Choose the exact opposite of the person I usually choose. A great way to make sure my different teams don’t get the same picks over and over again. I accept having Bizarro Me run the draft room from time to time as a professional necessity. He kept my analysis from getting too set on its own. He doesn’t understand why other “lovers” buy so much vinyl when everything is so hot these days. He wears the supreme shirt too much. Probably a little Ed Hardy around the edges. He also doesn’t shave as often as I would like.
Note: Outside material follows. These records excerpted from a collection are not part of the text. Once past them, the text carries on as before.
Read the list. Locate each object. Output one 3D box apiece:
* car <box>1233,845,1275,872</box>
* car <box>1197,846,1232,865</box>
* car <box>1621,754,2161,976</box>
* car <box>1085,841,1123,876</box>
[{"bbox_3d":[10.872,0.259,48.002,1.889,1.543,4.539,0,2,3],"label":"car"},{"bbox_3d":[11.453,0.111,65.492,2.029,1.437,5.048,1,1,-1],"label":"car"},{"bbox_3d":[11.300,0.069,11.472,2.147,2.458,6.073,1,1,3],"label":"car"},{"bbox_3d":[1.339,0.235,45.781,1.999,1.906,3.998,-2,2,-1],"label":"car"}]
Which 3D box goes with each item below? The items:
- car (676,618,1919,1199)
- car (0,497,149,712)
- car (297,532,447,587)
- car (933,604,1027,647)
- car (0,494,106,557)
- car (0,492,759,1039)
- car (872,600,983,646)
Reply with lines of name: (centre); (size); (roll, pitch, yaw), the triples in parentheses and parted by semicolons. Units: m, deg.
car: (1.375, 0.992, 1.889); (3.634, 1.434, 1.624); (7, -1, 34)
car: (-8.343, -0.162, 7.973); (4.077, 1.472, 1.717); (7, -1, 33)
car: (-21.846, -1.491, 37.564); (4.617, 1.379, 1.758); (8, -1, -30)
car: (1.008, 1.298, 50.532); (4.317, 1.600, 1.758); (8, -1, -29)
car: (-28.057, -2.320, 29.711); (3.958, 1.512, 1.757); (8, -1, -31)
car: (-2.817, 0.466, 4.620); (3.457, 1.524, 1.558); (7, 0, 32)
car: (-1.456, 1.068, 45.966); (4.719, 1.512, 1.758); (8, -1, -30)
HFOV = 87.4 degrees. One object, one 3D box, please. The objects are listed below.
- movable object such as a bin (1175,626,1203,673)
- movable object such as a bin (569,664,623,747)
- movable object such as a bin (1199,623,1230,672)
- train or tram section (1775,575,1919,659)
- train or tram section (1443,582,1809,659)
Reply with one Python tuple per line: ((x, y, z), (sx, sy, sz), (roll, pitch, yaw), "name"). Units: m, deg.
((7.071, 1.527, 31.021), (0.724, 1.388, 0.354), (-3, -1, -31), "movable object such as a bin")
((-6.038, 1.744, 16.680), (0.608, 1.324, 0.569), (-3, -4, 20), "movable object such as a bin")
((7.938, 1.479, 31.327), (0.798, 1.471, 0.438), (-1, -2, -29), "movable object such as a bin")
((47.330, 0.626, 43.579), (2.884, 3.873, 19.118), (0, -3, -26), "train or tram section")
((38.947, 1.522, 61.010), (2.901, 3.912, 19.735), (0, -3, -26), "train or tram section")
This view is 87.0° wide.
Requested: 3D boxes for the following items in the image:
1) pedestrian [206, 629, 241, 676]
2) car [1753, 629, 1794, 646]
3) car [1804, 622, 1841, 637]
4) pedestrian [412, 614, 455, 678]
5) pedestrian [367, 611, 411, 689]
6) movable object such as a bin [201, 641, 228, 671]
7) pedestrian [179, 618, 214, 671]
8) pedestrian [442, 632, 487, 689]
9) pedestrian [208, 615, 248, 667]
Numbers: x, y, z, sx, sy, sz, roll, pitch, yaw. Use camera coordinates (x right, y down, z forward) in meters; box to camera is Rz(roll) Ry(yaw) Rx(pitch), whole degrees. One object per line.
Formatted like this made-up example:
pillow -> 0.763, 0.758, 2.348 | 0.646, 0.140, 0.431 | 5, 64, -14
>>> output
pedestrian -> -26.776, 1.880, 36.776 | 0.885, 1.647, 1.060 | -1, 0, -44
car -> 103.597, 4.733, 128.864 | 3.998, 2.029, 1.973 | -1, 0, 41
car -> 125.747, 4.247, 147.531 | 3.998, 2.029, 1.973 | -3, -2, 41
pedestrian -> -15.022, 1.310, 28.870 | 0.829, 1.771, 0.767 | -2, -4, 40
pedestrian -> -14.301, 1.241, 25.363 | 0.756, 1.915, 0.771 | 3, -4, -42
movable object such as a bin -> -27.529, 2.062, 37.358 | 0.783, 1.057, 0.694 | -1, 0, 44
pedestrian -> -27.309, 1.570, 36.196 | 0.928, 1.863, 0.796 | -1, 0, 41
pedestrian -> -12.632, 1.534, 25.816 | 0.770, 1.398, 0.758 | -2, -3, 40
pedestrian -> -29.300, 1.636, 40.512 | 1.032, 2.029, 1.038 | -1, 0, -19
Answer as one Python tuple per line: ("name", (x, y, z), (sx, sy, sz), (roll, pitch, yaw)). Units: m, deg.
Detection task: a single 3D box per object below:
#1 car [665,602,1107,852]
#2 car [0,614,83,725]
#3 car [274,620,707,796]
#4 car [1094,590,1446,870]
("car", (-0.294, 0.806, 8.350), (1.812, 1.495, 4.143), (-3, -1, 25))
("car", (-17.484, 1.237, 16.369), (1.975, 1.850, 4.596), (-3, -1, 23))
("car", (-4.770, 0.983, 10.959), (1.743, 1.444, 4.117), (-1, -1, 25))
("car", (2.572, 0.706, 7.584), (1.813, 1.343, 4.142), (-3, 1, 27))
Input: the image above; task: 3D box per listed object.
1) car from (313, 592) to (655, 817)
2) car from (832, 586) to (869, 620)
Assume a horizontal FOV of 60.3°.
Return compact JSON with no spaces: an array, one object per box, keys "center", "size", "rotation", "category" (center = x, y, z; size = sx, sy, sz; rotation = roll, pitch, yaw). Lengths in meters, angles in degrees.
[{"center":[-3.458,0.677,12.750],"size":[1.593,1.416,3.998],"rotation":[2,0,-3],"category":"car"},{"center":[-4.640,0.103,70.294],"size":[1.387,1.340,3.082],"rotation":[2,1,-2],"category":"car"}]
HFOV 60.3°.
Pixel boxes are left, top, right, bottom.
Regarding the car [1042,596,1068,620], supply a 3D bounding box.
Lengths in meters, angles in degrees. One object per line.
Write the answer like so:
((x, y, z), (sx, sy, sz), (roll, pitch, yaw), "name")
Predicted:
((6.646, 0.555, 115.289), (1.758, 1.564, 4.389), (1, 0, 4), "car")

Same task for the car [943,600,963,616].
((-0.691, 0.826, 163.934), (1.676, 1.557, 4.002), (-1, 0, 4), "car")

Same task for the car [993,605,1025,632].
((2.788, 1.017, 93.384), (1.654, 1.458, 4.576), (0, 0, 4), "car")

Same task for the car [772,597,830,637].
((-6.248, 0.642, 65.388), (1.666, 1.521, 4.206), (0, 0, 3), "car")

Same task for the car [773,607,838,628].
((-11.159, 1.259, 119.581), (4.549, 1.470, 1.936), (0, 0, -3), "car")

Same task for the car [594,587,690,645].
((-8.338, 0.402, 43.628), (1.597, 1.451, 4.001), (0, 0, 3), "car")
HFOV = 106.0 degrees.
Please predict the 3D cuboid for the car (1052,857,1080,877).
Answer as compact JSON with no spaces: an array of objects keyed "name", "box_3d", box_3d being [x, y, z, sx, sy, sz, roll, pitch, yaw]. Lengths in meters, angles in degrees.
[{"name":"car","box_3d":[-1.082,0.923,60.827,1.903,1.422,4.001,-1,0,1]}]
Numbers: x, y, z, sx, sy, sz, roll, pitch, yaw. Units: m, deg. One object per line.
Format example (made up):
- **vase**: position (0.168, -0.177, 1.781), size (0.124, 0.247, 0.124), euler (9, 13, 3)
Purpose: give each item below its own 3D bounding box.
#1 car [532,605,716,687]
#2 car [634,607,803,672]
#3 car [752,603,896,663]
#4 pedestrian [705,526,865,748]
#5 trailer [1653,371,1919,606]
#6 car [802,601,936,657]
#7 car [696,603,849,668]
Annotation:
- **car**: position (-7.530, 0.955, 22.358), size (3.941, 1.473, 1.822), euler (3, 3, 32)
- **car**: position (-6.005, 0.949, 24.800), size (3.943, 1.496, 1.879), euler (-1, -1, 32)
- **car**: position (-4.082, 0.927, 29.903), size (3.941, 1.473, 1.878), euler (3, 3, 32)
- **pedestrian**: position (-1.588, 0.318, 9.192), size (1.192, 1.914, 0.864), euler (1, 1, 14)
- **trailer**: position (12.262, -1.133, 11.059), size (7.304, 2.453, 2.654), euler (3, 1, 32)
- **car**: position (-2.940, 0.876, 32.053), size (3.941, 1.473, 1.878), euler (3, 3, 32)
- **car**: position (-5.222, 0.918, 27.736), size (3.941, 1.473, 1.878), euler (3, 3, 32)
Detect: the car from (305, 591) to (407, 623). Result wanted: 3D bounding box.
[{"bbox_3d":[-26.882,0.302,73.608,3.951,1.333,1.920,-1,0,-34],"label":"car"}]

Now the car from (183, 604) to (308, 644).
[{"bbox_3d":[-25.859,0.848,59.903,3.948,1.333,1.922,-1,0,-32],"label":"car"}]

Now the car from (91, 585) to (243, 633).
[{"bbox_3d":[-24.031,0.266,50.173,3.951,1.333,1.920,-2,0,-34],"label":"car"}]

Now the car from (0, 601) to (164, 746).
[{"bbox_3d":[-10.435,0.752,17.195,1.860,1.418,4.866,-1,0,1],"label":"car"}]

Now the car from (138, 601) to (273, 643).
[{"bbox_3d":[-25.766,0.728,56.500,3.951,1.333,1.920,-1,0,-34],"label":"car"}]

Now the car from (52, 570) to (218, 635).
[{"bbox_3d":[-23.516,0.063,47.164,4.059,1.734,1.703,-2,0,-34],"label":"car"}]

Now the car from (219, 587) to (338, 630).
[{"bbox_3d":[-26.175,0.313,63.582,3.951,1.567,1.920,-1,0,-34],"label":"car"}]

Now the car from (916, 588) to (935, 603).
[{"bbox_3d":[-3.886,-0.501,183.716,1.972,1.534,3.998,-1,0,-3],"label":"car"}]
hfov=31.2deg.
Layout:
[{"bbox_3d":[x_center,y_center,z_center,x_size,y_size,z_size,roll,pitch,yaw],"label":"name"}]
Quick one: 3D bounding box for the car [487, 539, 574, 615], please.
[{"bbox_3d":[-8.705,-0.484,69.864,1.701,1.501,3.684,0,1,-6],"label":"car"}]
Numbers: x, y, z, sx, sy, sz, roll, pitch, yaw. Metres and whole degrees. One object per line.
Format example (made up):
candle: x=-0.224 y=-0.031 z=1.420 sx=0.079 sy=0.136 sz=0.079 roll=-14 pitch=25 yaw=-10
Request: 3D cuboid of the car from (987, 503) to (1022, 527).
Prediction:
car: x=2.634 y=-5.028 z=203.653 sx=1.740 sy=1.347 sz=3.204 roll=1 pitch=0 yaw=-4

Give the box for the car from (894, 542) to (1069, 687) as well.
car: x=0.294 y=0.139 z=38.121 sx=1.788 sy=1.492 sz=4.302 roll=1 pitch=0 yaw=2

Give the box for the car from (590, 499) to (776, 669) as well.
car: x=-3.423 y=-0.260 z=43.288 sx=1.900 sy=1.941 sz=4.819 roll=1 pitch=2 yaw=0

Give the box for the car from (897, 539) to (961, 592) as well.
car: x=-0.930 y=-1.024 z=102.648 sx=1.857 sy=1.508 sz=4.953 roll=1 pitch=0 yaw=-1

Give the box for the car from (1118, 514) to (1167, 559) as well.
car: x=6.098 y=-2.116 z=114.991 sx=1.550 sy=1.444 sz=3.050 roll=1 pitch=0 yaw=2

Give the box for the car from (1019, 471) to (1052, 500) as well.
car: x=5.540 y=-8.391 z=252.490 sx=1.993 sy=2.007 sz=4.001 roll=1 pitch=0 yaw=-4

Ideal overall platform #1: LeBron James
Gettable organization: Jayson Tatum


Obsessed Process (FOR LAND keeper ONLY)

Start going on a drafty night. Play for next year by prioritizing cheap sleepers and sophomores, rookies, and a few adorable, high-priced stars to hang for cheaper holders by the deadline. Was prompted really to draft to win for a change.

Ideal overall platform #1: Evan Mobley
Gettable Platform: Cade Cunningham


Don Nelson

When this guy wears a turtleneck for 30-45 seconds… he really is Don Nelson. And Don Nelson is a mad scientist. He offers the most disruptive strategies. He tries to execute on collision strategies (ie: Small Striker + Per-Game Reversal Defense + Body Mass Index) He drafts with rigorous intensity. He erases the line between genius and instant. We love being Don Nelson. We are Don Nelson. The current Mrs. Cregan sometimes has to show us pictures of our kids to get rid of us.

Ideal overall platform #1: Dejounte Murray
Gettable Platform: Dejounte Murray


Moneyballer

This guy outlines an underrated stat to boost the fantasy championship game. He takes discipline and sticks to his draft board no matter what. Think of Luke Skywalker flying down the Death Star’s trench, right on target with Force-Heavy in focus.

Ideal overall platform #1: (This season) Stephen the curry
Gettable Platform: Damian Lillard


So I’ll end this with a cautionary tale.

Last Halloween, my Moneyballer ran 75% of my draft. He identified one metric I wanted to build my team on: free throw production, volume-adjusted (basically how we create free throw catalogs on Player Rankers). But I underestimated the impact of the season rule changes.

Is Adam Silver’s forbidden belt sagged, twisted, and acting extremely lousy? All in the name of cheap blocking and -1s? It dissipated months of intrigue before the draft.

Moneyballer may never live when built around James Harden, Bradley BealLillard, Jimmy Butler, DeMar DeRozan, Brandon Ingram, Paul George and Kemba Walker.

Last season? This version of Moneyballer must have won all of his tournaments. This season? He’s sitting in a zero gravity chair, listening to Whatnauts and trying to figure out what’s up with this stupid eye massager his kids got him off Amazon.